BEGIN

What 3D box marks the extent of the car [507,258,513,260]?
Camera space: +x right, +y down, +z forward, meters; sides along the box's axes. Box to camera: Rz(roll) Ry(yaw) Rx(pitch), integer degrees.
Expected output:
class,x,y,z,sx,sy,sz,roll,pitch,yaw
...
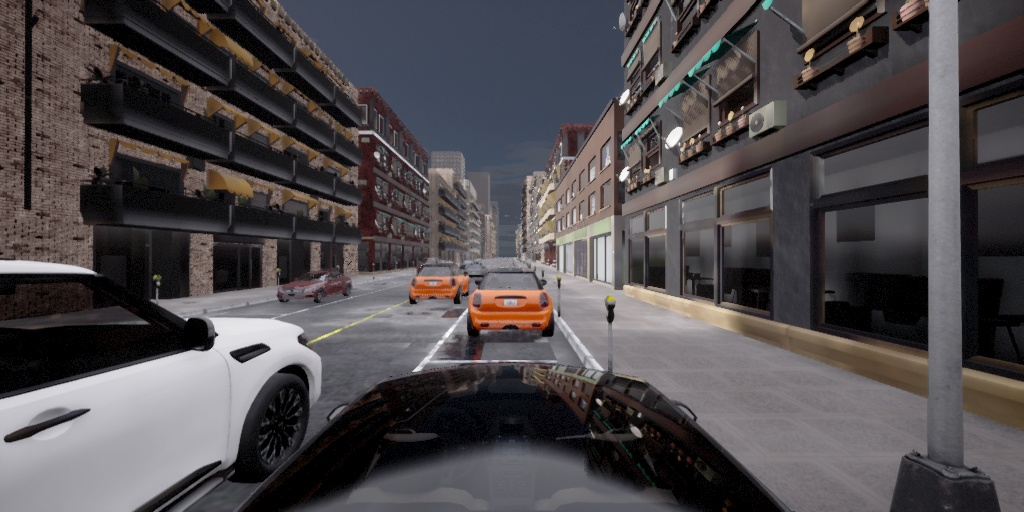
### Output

END

## [YOUR TASK]
Please return a copy of each line in the entries that has the string "roll".

## [EXERCISE SOLUTION]
Camera space: +x right, +y down, +z forward, meters; sides along the box's axes. Box to camera: Rz(roll) Ry(yaw) Rx(pitch), integer degrees.
class,x,y,z,sx,sy,sz,roll,pitch,yaw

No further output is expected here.